Context
ShopNow, a mid-size e-commerce app, wants to test a simplified mobile checkout that removes one form step. The product team believes this will increase completed purchases, but engineering only wants to launch if the expected gain is large enough to justify rollout risk and implementation cost.
Hypothesis Seed
The proposed change shortens checkout from 4 screens to 3 for eligible mobile users.
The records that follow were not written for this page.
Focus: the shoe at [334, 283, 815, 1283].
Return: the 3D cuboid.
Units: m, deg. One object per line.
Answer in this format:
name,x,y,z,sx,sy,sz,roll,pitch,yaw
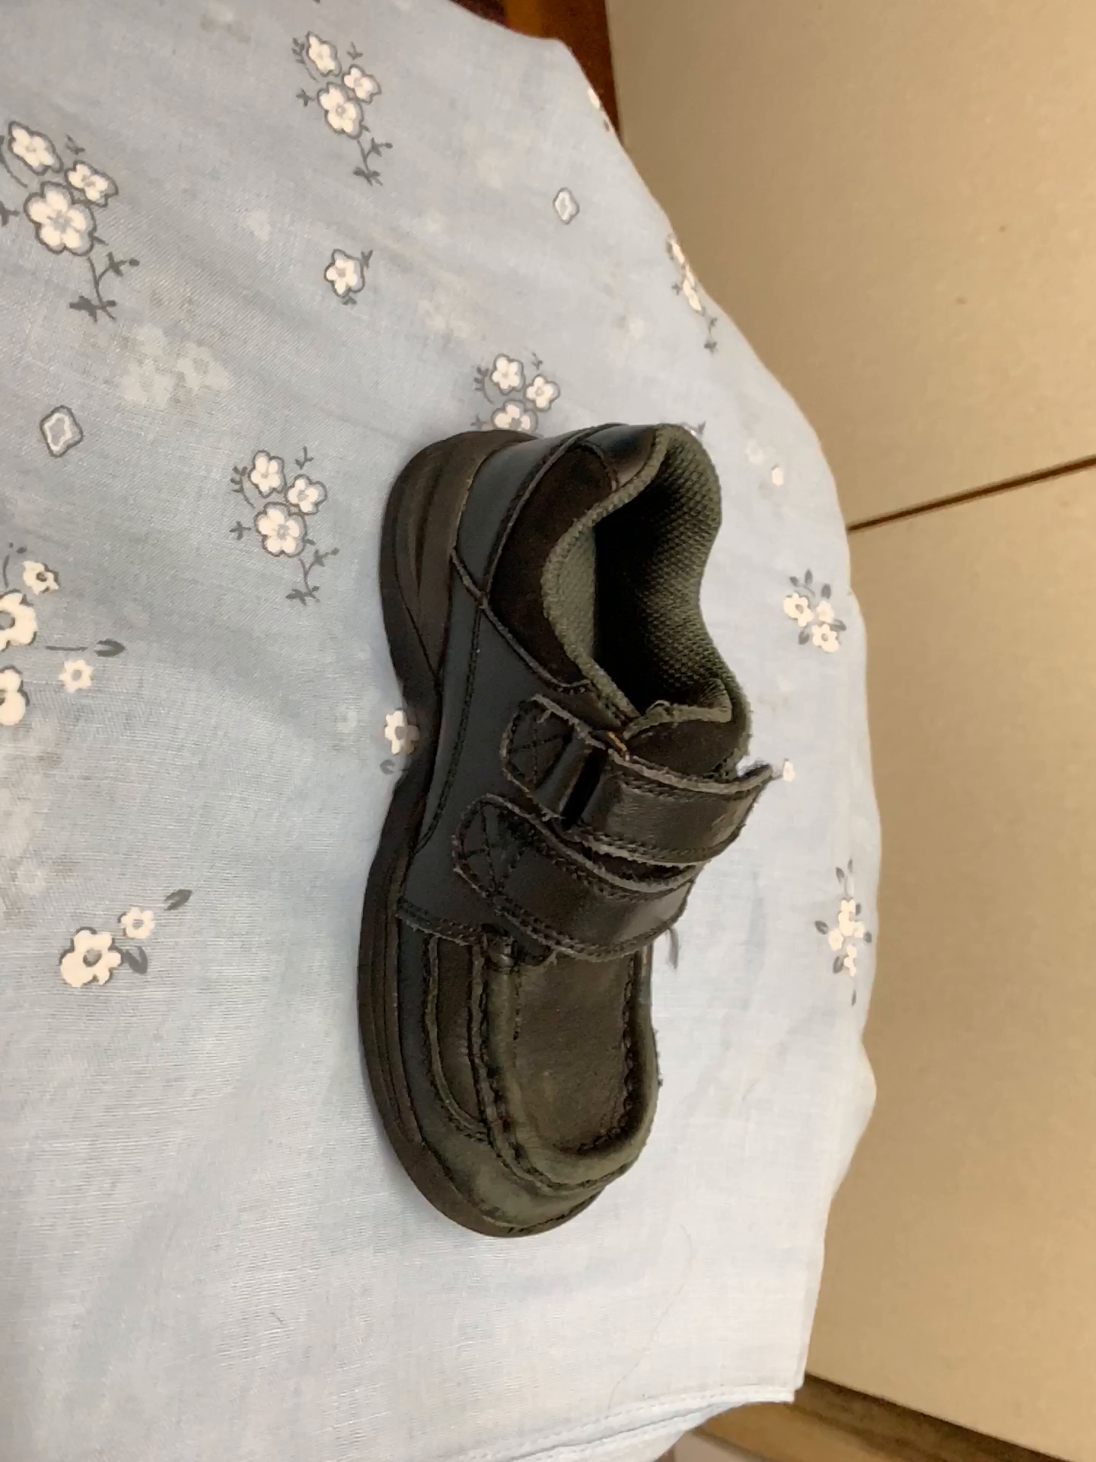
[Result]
shoe,0.006,0.011,0.267,0.079,0.073,0.190,8,78,-43

PMs expect a modest lift in purchase conversion because fewer users abandon during address entry, but they are unsure what minimum detectable effect (MDE) should be chosen before launch.
Constraints
- Eligible traffic: 120,000 mobile checkout sessions per day
- Randomization split: 50/50 after a 5% canary for instrumentation validation
- Baseline purchase conversion from checkout start to order completion: 24.0%
- Maximum experiment duration: 14 days
- False positives are costly because a bad checkout experience can hurt revenue immediately
- False negatives are also meaningful because the redesign required 6 engineer-weeks and has opportunity cost
- The team wants 80% power and a two-sided 5% significance level
- The experiment must cover at least one full weekly cycle
Task
- Define the null and alternative hypotheses, the primary metric, and 2-4 guardrail metrics.
- Determine a reasonable MDE before launch, then calculate the required sample size per arm and whether the test can finish within 14 days.
- Choose the unit of randomization and explain any mismatch with the unit of analysis.
- Pre-register the analysis plan: statistical test, peeking policy, multiple-comparison handling, and SRM checks.
- State a clear ship / don't-ship / iterate rule that respects both the primary metric and guardrails.
Be explicit about how you choose the MDE: tie it to business value, traffic constraints, and the cost of shipping a false positive versus missing a real but small win.